According to the embodiments of the two co-operating refining elements shown in FIGS. 3-6, the refining element 10 located on the inside is formed with projecting wings 14, as in the embodiment according to FIGS. 1 and 2. The refining element 1:L located on the outside, however, has been completed with a shoulder 17 in the concavely curved surface 16 in the inlet portion 15. The shoulder 17 preferably has a substantially triangular cross-section. The inclined flanks on the shoulder 17 are intended to additionally improve the feed of the material to be refined into the outer angular portion 6 of the refiner gap.
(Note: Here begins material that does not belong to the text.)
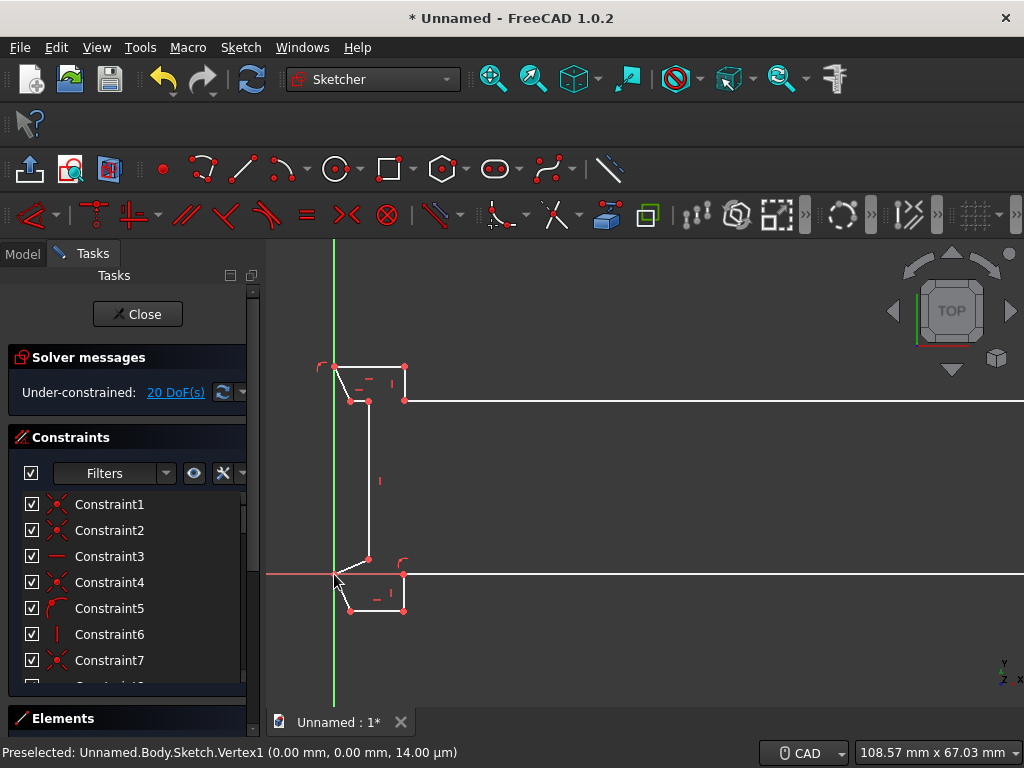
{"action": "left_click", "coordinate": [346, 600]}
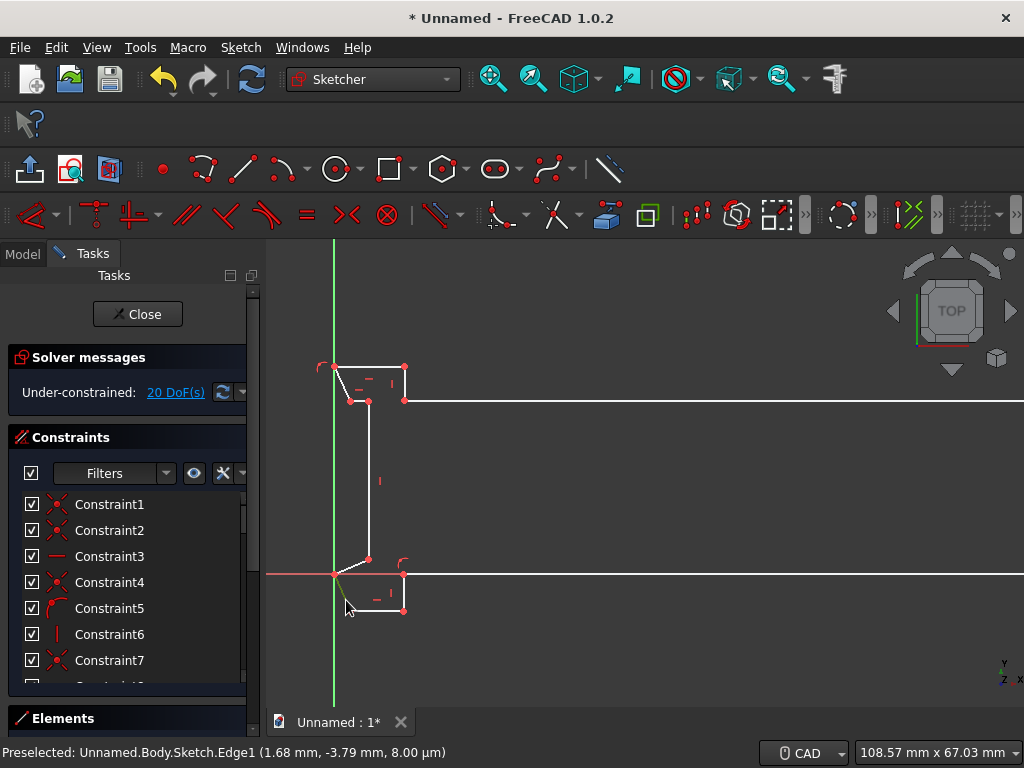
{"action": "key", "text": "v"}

The material to be refined is fed into the central feed zone between the refining disks through the opening 7 in the stationary refining disk 1 by means of a feed screw 18 coaxial with the shaft 3. The material to be refined is thereby caused to move outwardly through the inner radial portion 5 of the refiner gap while simultaneously being worked by the radial refining elements, 8 and 9. The feed from the inner radial portion 5 of the refiner gap to the outer angular portion 6 is promoted by the wings 14 and opposite inlet portion 15. It has thus been found that both the capacity and load can be increased considerably, e.g., by about 20%, by using these types of refining elements, compared with conventional ones. It has also been found that it is possible to reduce the specific energy consumption by about 5-10%. It should further be noted that these improvements were achieved while maintaining the pulp quality.
Although the invention herein has been described with reference to particular embodiments, it is to be understood that these embodiments are merely illustrative of the principles and applications of the present invention. It is therefore to be understood that numerous modifications may be made to the illustrative embodiments and that other arrangements may be devised without departing from the spirit and scope of the present invention as defined by the appended claims.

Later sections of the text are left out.